VERY cute!!! Where did he come from?


----------



## fjm (Jun 4, 2010)

What a lovely boy - and I like the name! Wishing you many years of fun and happiness together.


----------



## LuvPoo (May 8, 2010)

Doe Valley Standard Poodles in MA. Danielle Groleau is a small, very conscientious breeder who does a great deal of hunting, herding and conformation work with her dogs. The pup's sire came from another small but good breeder, Louanne Currey, of Blu Majic. She does a lot of agility & conformation work as well. We looked very hard for a good breeder in the North East with a focus on versatility. Not an easy task. Danielle is a recent member to this forum, I believe.


----------



## ArreauStandardPoodle (Sep 1, 2009)

What a little cutie!! Congrats on your new addition!


----------



## Penjilum-Poodles (Apr 17, 2010)

awe! Congrats on your newest addition! Welcome to the forum, we look forward to watching your pup grow up here!


----------



## penny_ann (May 29, 2010)

Congrats & welcome! Your pup sure is a cutie!


----------



## Feralpudel (Jun 28, 2010)

LuvPoo said:


> The pup's sire came from another small but good breeder, Louanne Currey, of Blu Majic. She does a lot of agility & conformation work as well.

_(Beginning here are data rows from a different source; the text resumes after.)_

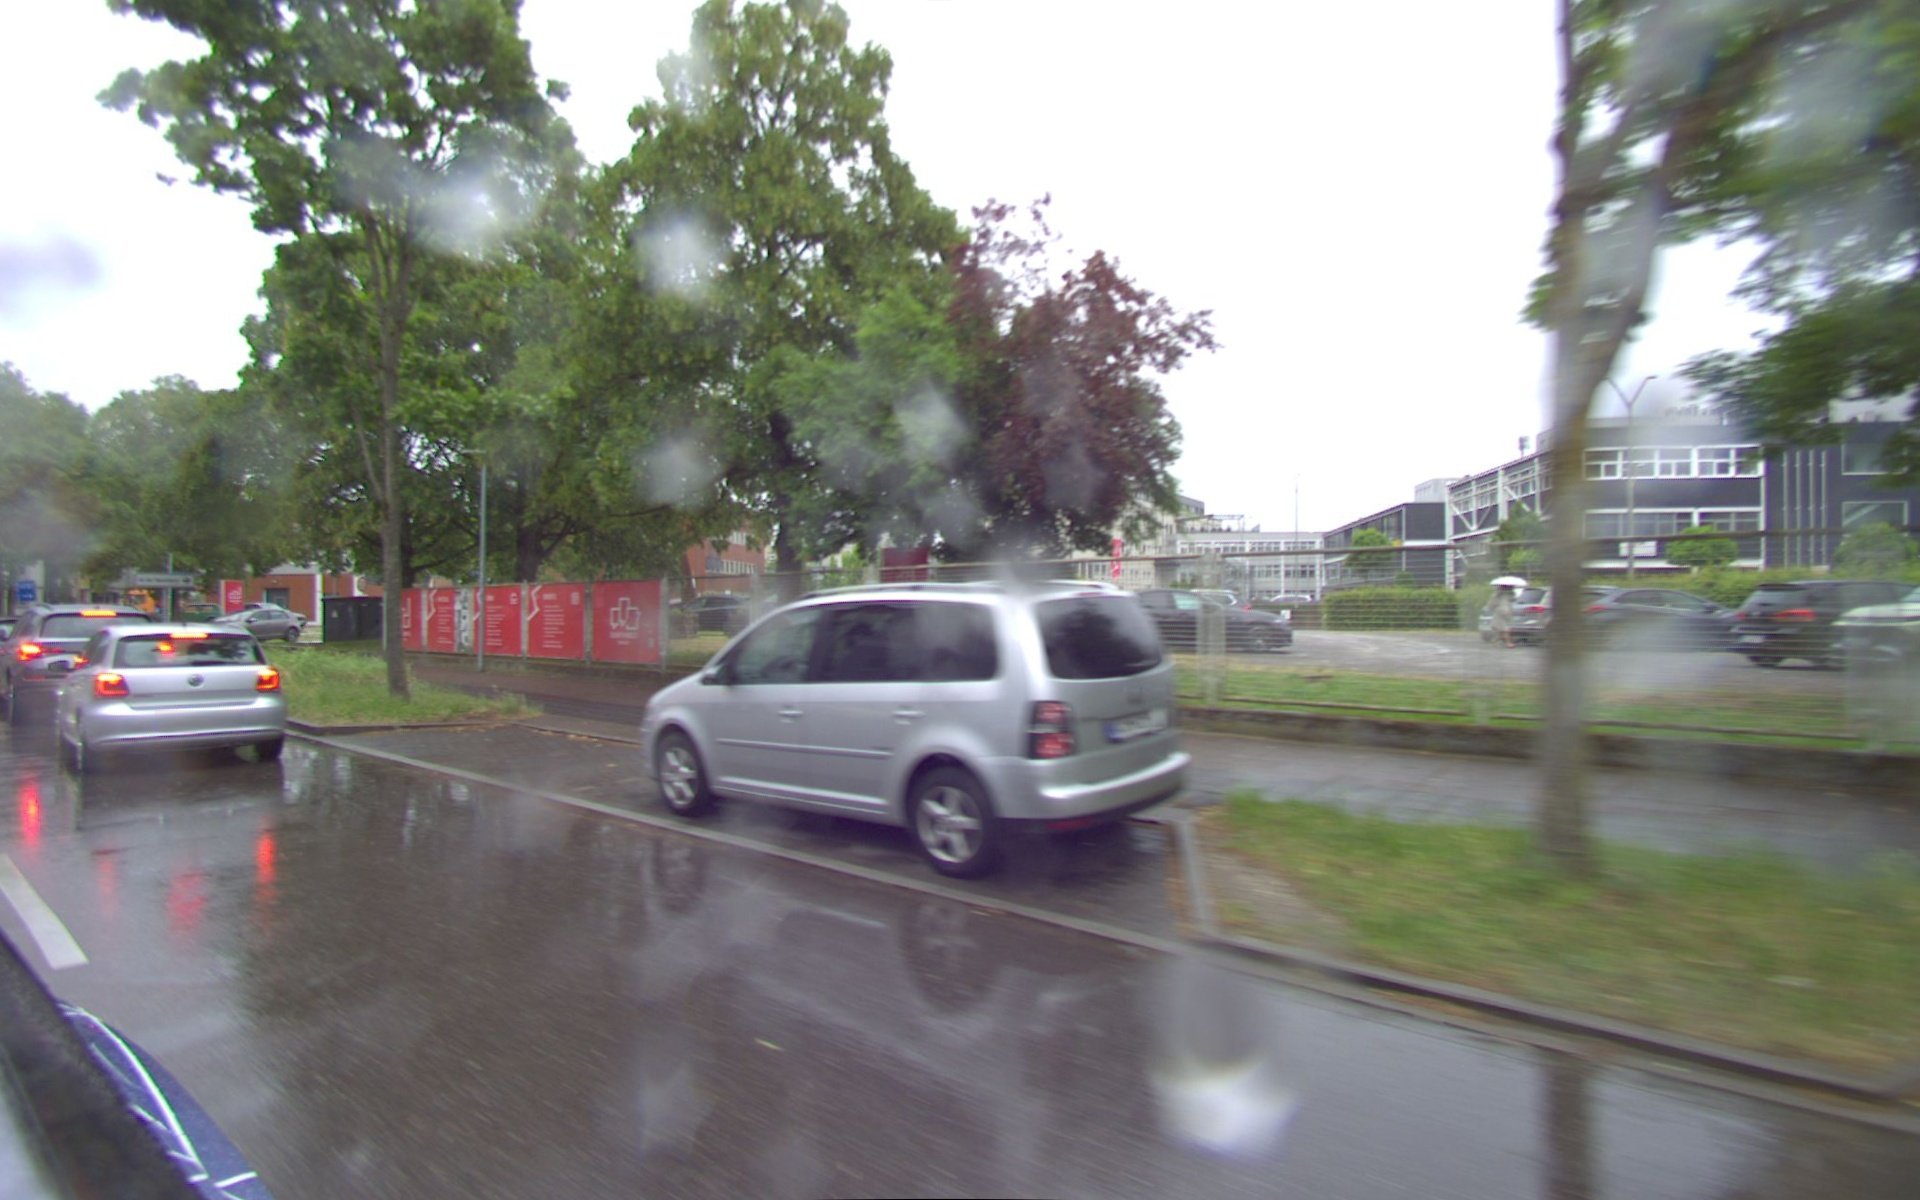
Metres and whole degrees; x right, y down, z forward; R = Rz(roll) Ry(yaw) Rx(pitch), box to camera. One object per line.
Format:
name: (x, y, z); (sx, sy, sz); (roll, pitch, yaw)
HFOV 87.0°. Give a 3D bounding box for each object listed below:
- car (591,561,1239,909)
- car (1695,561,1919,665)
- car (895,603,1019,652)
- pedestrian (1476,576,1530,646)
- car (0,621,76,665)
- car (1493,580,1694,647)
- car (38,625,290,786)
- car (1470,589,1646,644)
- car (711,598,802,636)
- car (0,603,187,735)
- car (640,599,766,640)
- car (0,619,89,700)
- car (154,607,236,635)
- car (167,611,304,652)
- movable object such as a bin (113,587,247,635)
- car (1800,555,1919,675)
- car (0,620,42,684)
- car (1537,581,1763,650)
car: (-0.592, 0.681, 7.132); (4.598, 1.692, 1.757); (-2, 1, 41)
car: (14.697, 0.216, 16.474); (3.946, 1.569, 1.999); (0, -1, 2)
car: (-0.088, 0.938, 34.944); (3.962, 1.595, 1.794); (-1, -1, 15)
pedestrian: (13.245, 0.265, 24.688); (0.999, 1.680, 0.716); (-1, -1, 41)
car: (-33.882, 1.478, 34.761); (4.844, 1.465, 2.092); (0, -1, -17)
car: (15.958, 0.350, 25.678); (3.816, 1.612, 1.928); (0, -1, 6)
car: (-8.807, 0.986, 11.055); (4.254, 1.393, 1.653); (-1, -1, 45)
car: (16.415, 0.469, 27.953); (3.772, 1.462, 1.759); (0, -1, 8)
car: (-11.970, 1.004, 59.677); (4.918, 2.167, 1.994); (-1, -1, 10)
car: (-13.260, 0.891, 15.140); (4.821, 1.652, 1.893); (-1, 0, 43)
car: (-10.046, 0.770, 39.690); (4.392, 1.538, 1.990); (-1, -1, 15)
car: (-18.430, 1.107, 19.615); (4.263, 1.431, 1.760); (-2, -2, 41)
car: (-47.612, 1.282, 62.982); (3.938, 1.613, 2.003); (0, -2, -41)
car: (-28.870, 1.223, 40.504); (1.991, 1.405, 4.326); (-1, 1, 10)
movable object such as a bin: (-49.865, 0.686, 64.827); (6.670, 2.953, 2.780); (0, -1, -39)
car: (14.584, 0.204, 14.181); (3.950, 1.584, 1.848); (0, 0, 6)
car: (-23.695, 1.212, 24.328); (4.826, 1.414, 1.757); (-1, 0, 40)
car: (15.796, 0.352, 23.341); (3.864, 1.507, 1.863); (0, -1, 3)
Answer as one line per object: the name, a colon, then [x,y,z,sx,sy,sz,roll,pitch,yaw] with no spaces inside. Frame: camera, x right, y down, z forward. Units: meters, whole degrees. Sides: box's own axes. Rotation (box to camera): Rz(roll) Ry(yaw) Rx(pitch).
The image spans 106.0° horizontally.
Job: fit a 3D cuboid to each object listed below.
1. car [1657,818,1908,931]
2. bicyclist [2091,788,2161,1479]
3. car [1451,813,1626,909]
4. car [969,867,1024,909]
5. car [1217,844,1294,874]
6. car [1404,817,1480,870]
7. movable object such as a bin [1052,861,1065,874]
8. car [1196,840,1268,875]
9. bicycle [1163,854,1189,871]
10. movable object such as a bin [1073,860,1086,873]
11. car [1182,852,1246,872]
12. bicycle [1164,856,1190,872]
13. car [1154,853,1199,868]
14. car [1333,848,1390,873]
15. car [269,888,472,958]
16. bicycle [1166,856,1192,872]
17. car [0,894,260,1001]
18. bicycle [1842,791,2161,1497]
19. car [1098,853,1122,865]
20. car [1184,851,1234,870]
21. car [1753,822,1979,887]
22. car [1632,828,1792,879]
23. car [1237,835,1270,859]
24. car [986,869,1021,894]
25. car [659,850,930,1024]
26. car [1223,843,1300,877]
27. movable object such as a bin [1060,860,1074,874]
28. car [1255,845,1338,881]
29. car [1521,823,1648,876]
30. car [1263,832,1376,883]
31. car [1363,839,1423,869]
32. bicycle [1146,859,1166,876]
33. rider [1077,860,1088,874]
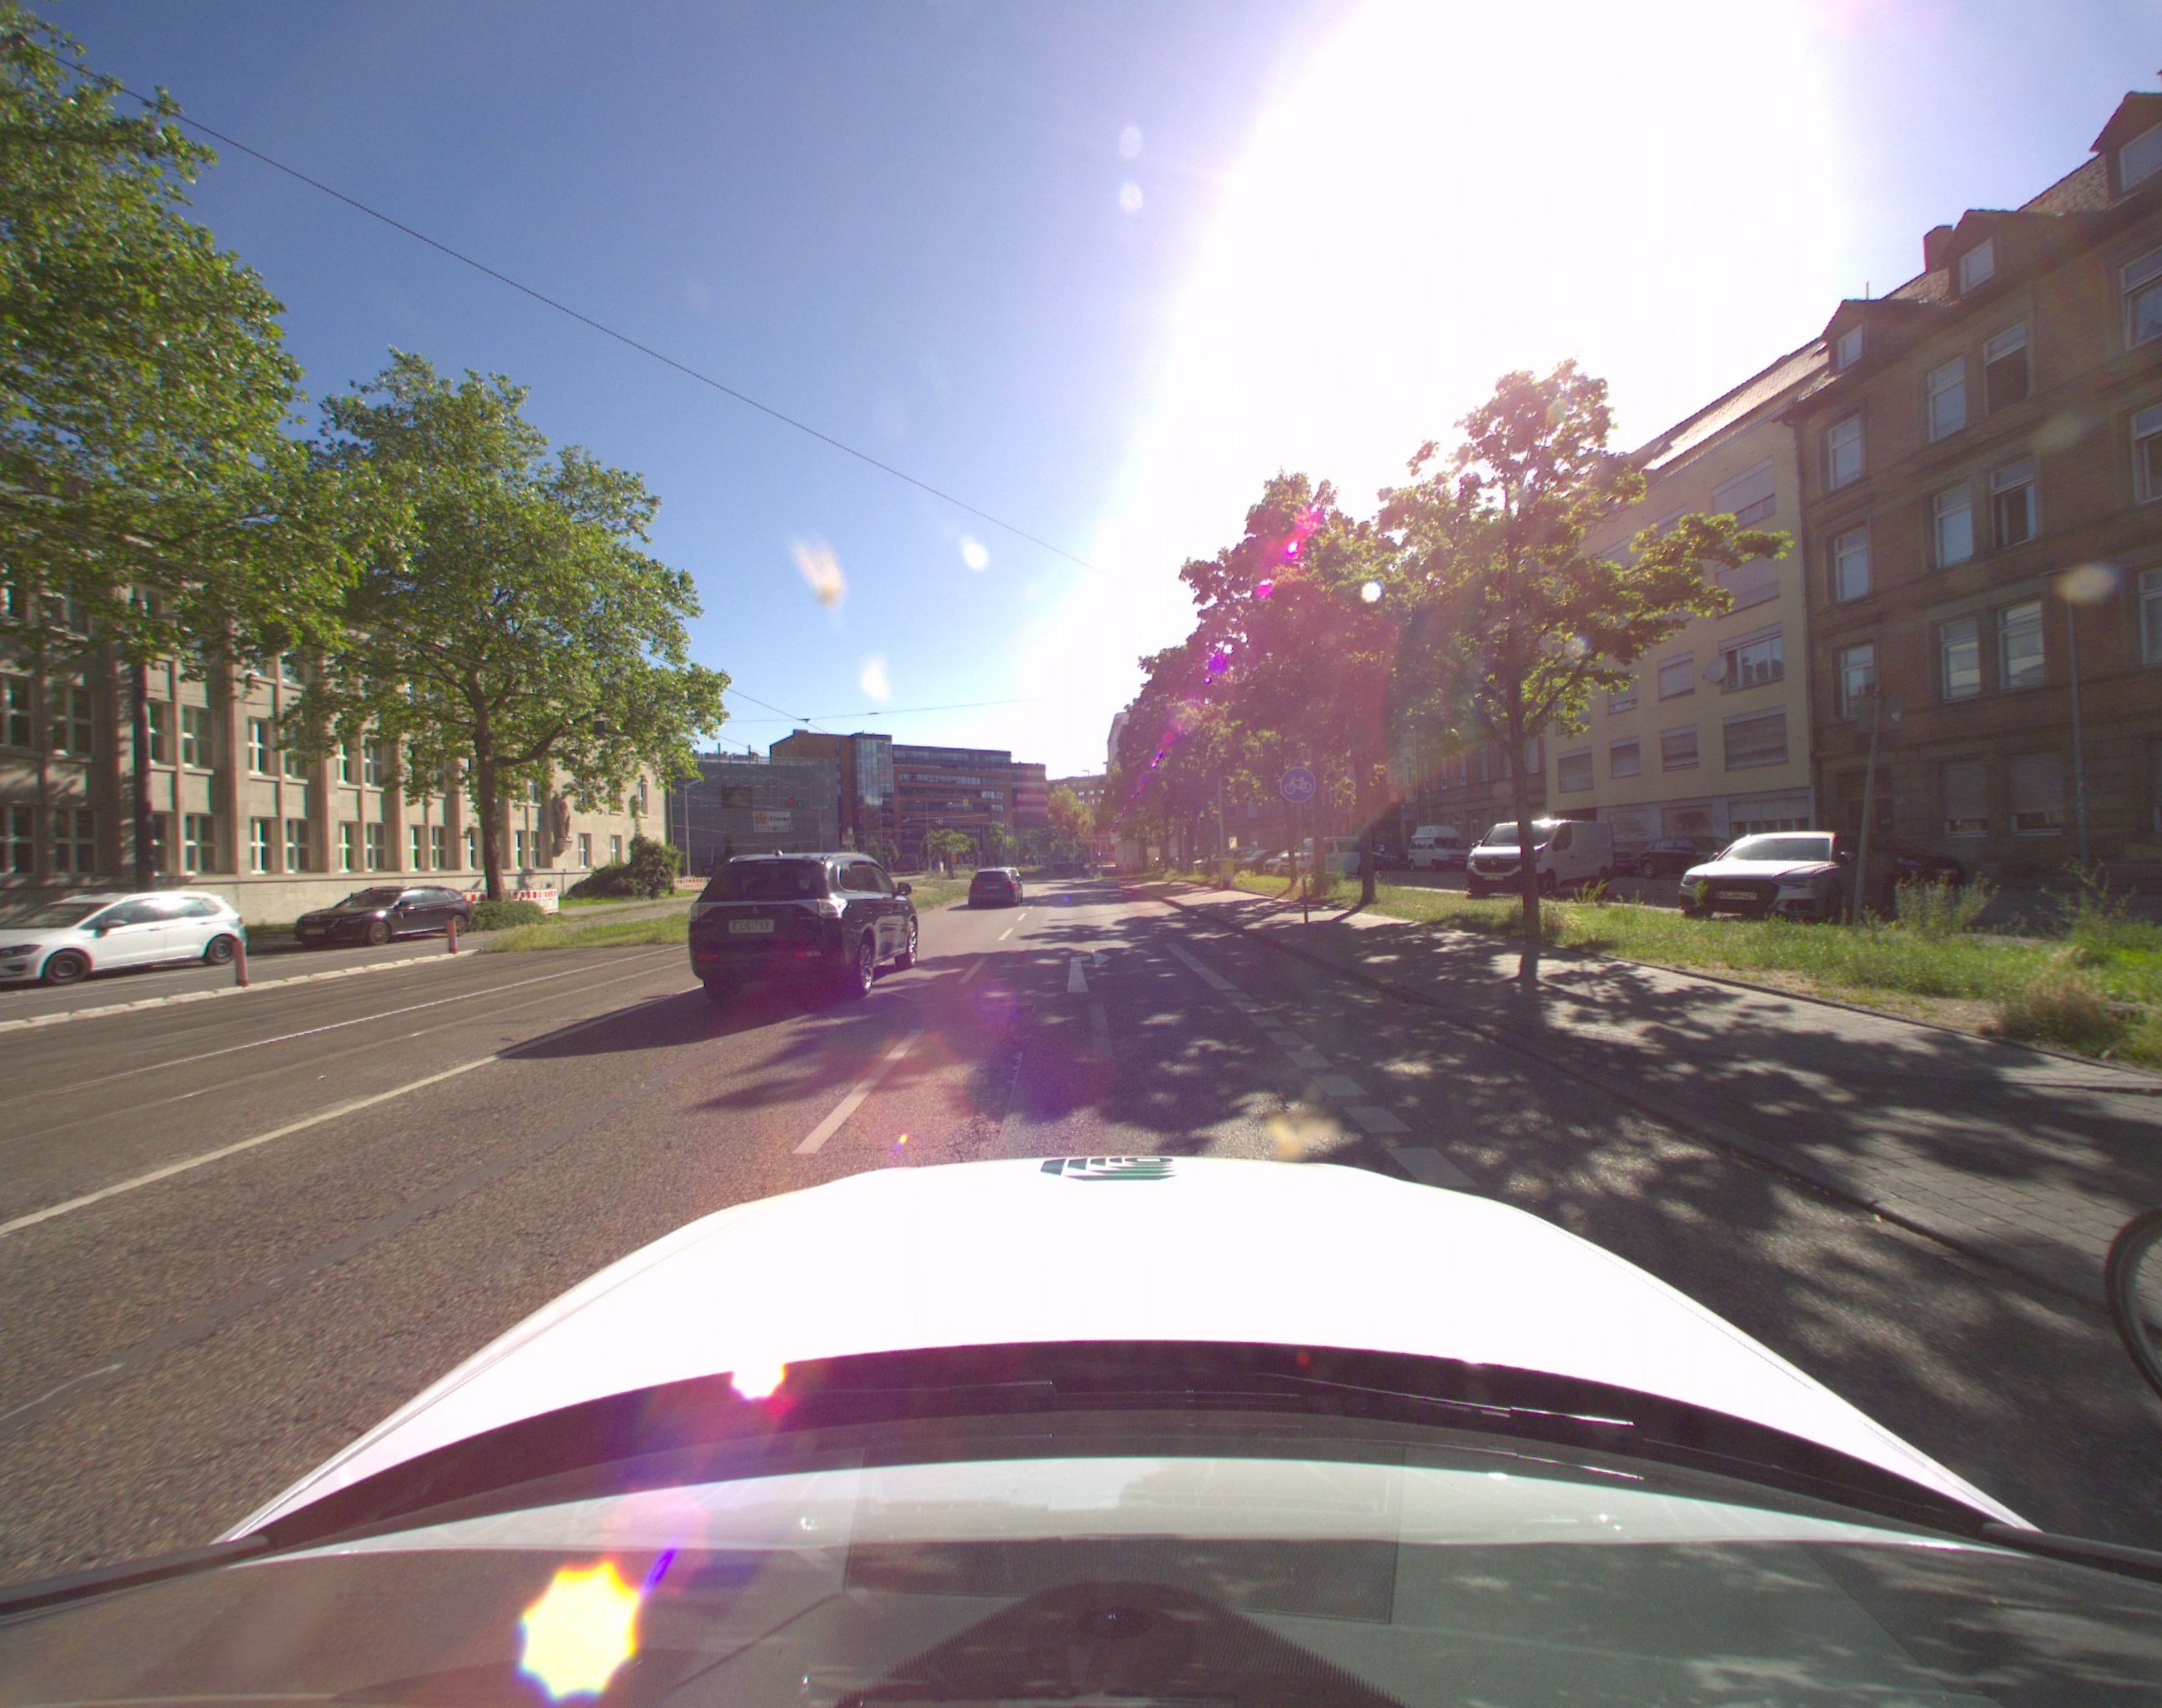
car: [12.057,0.263,13.890,4.901,1.435,1.999,-4,0,-34]
bicyclist: [2.749,0.656,1.618,0.436,1.639,0.779,-3,0,0]
car: [11.933,0.134,21.128,4.903,2.075,1.998,-4,0,-36]
car: [-3.089,1.270,30.593,1.729,1.423,4.463,0,-2,-2]
car: [11.750,0.333,54.839,4.897,1.648,2.080,-4,-1,-31]
car: [19.650,-0.569,44.542,1.987,2.585,4.513,-4,0,0]
movable object such as a bin: [-2.567,1.534,92.448,1.060,1.398,1.310,-3,0,19]
car: [10.671,0.235,57.343,4.902,2.013,2.078,-4,-1,-35]
bicycle: [8.416,0.785,72.047,2.095,1.398,0.784,-2,-1,-13]
movable object such as a bin: [-0.154,1.445,92.112,1.020,1.398,1.096,-3,0,19]
car: [10.357,0.622,63.296,4.773,1.380,2.024,-2,0,-35]
bicycle: [7.968,0.856,67.373,1.952,1.192,0.841,-4,-1,-2]
car: [9.583,0.634,81.422,4.063,1.337,1.824,-2,0,-25]
car: [19.363,0.405,56.471,1.990,1.529,4.505,-4,0,-5]
car: [-19.131,1.796,22.231,1.824,1.492,4.181,-3,0,0]
bicycle: [7.995,0.844,66.450,1.939,1.180,0.899,-4,-1,-2]
car: [-18.998,1.723,15.735,1.825,1.587,4.392,-4,0,-2]
bicycle: [2.724,0.673,1.699,0.436,1.639,1.938,0,0,0]
car: [5.342,0.957,148.638,3.958,2.014,2.008,-3,-1,14]
car: [12.192,0.643,77.424,4.487,1.565,1.918,-2,0,-33]
car: [20.329,0.001,21.392,1.723,1.420,4.291,-3,0,-1]
car: [20.332,-0.018,26.488,1.873,1.420,4.162,-4,0,-1]
car: [18.377,-0.768,87.049,2.342,2.357,5.186,-4,0,0]
car: [-4.626,1.654,48.494,1.634,1.423,3.765,0,-2,-12]
car: [-3.302,0.868,10.479,1.830,1.682,4.641,-2,-1,-1]
car: [11.351,0.391,51.222,4.528,1.727,1.980,-4,-1,-31]
movable object such as a bin: [-1.578,1.462,92.060,1.098,1.398,1.327,-3,0,19]
car: [11.015,0.465,41.561,4.048,1.478,1.793,-4,-1,-35]
car: [19.767,-0.178,32.270,1.988,1.799,4.623,-4,0,-2]
car: [11.425,0.167,38.956,5.205,2.013,2.080,-4,-1,-31]
car: [19.537,0.021,51.236,1.987,1.691,4.512,-3,0,0]
bicycle: [6.143,1.076,66.488,0.760,1.290,1.608,-4,0,38]
rider: [0.118,1.202,73.096,0.498,1.176,1.683,-3,0,16]

Wolfie is very cute--love the eye contact in the first photo! Louanne's dogs are very accomplished in obedience and rally--looks like your pup is off to a great start.


----------



## spoospirit (Mar 10, 2009)

_Congratulations on your little one! He looks like a really sweet guy. I love his name!
_


----------



## Pella (Oct 7, 2014)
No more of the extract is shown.